Description of the task:
Output exactly the lines from the line with "Answer: Yes What is the total" through the end of the records below. Include nothing else.

Data records:

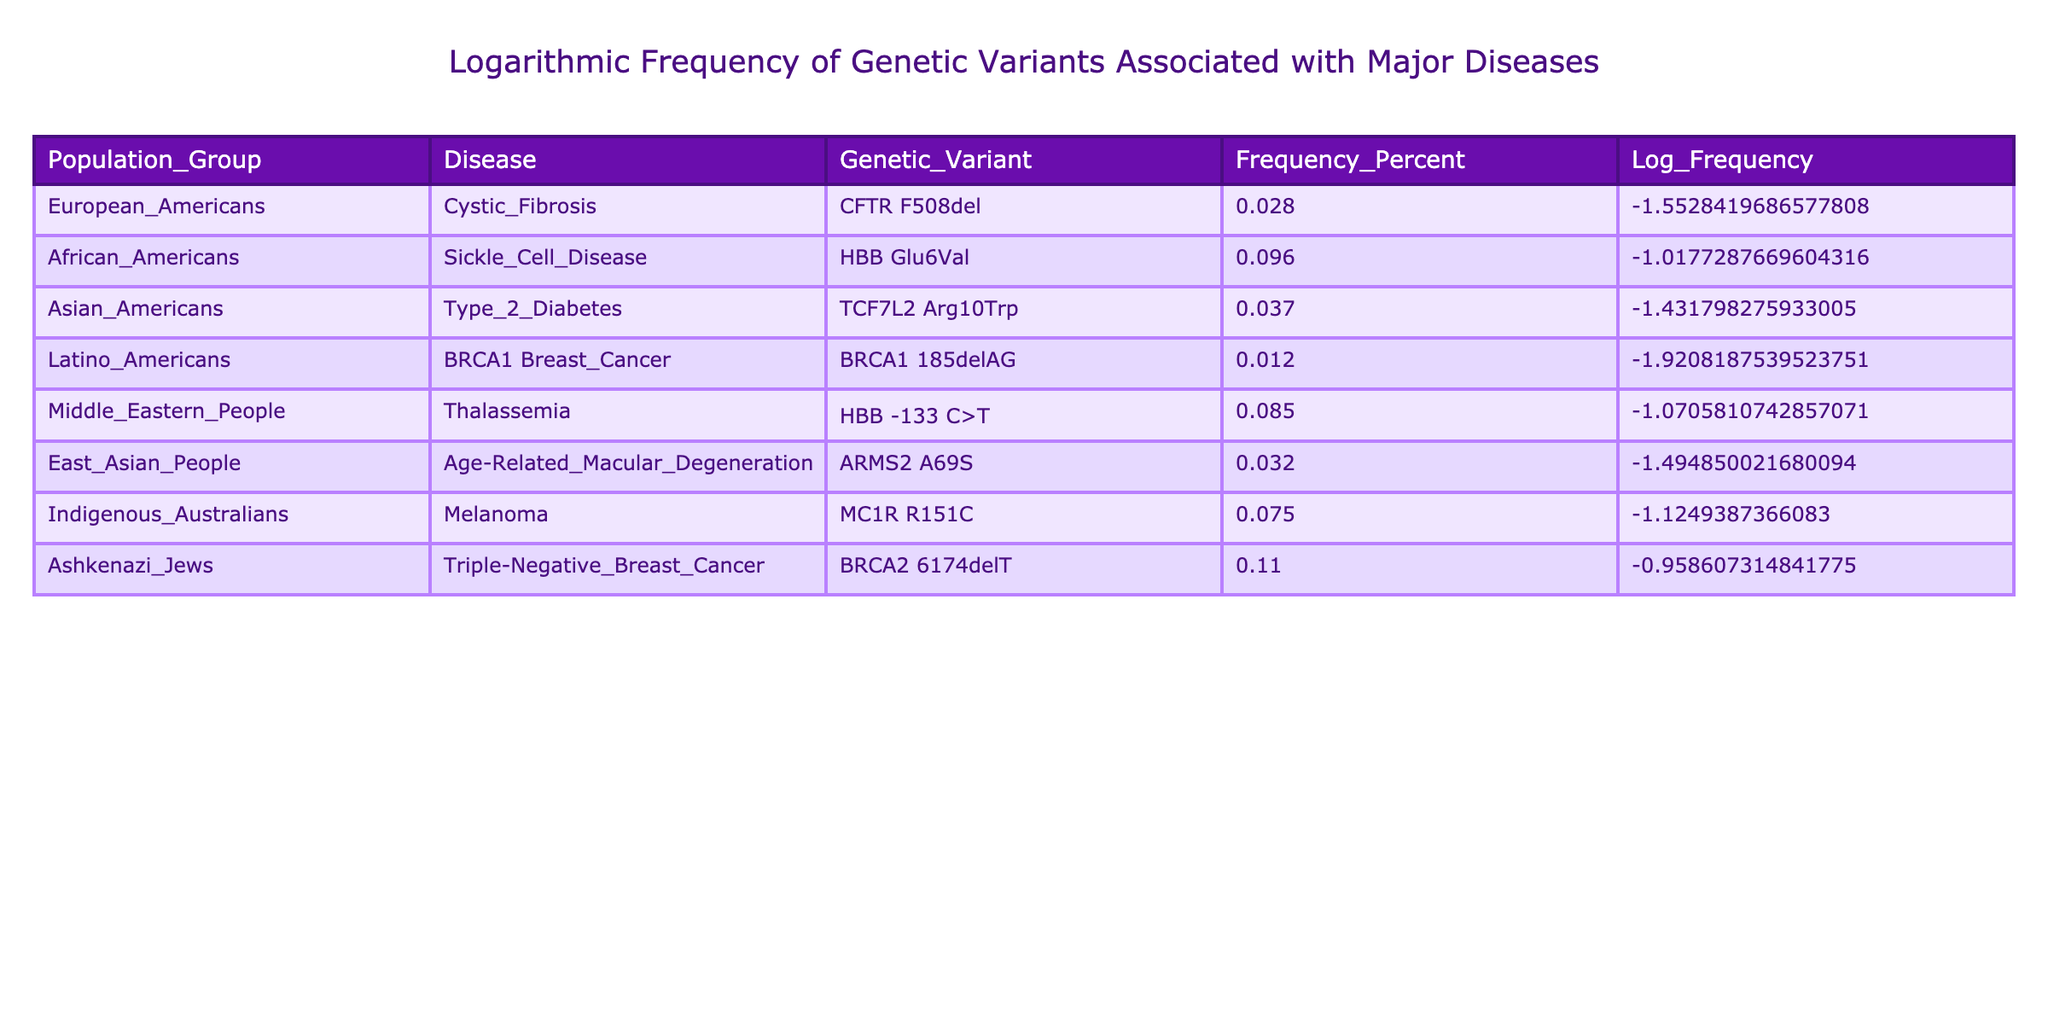What is the frequency of the CFTR F508del genetic variant in European Americans? The table shows that the frequency percent for the CFTR F508del variant in European Americans is listed directly as 0.028.
Answer: 0.028 Which disease has the highest frequency associated with a genetic variant among the listed population groups? By reviewing the frequency percent values in the table, the BRCA2 6174delT variant for Ashkenazi Jews has the highest frequency at 0.11.
Answer: BRCA2 6174delT What is the average frequency of the genetic variants for diseases in African Americans and Middle Eastern people? To find the average, we take the frequencies of the respective variants: 0.096 (for Sickle Cell Disease in African Americans) and 0.085 (for Thalassemia in Middle Eastern People). The sum is 0.096 + 0.085 = 0.181. Now, dividing by 2 gives 0.181 / 2 = 0.0905.
Answer: 0.0905 Is the frequency of TCF7L2 Arg10Trp variant higher in Asian Americans compared to the BRCA1 185delAG variant in Latino Americans? The frequency for TCF7L2 Arg10Trp in Asian Americans is 0.037, while for BRCA1 185delAG in Latino Americans, it is 0.012. Since 0.037 is greater than 0.012, the statement is true.
Answer: Yes What is the combined frequency of the genetic variants associated with Cystic Fibrosis and Age-Related Macular Degeneration for their respective population groups? The frequency of the CFTR F508del variant in European Americans is 0.028, while the frequency of ARMS2 A69S in East Asian People is 0.032. Adding these frequencies, we get 0.028 + 0.032 = 0.060.
Answer: 0.060 Does Sickle Cell Disease have a higher variant frequency among African Americans than Melanoma among Indigenous Australians? The frequency percent for Sickle Cell Disease (0.096) is higher than the frequency percent for Melanoma (0.075). Therefore, the statement is true.
Answer: Yes What is the total frequency of the genetic variants associated with the diseases listed for all U.S. population groups combined? To find the total frequency, we sum the frequencies of all listed variants: 0.028 + 0.096 + 0.037 + 0.012 + 0.085 + 0.032 + 0.075 + 0.11 = 0.475.
Answer: 0.475 Among all the diseases listed, which has the lowest frequency and what is that frequency? By examining the frequency values, the lowest frequency is 0.012 for the BRCA1 Breast Cancer variant in Latino Americans.
Answer: 0.012

Expected answer:
Answer: Yes What is the total frequency of the genetic variants associated with the diseases listed for all U.S. population groups combined? To find the total frequency, we sum the frequencies of all listed variants: 0.028 + 0.096 + 0.037 + 0.012 + 0.085 + 0.032 + 0.075 + 0.11 = 0.475.
Answer: 0.475 Among all the diseases listed, which has the lowest frequency and what is that frequency? By examining the frequency values, the lowest frequency is 0.012 for the BRCA1 Breast Cancer variant in Latino Americans.
Answer: 0.012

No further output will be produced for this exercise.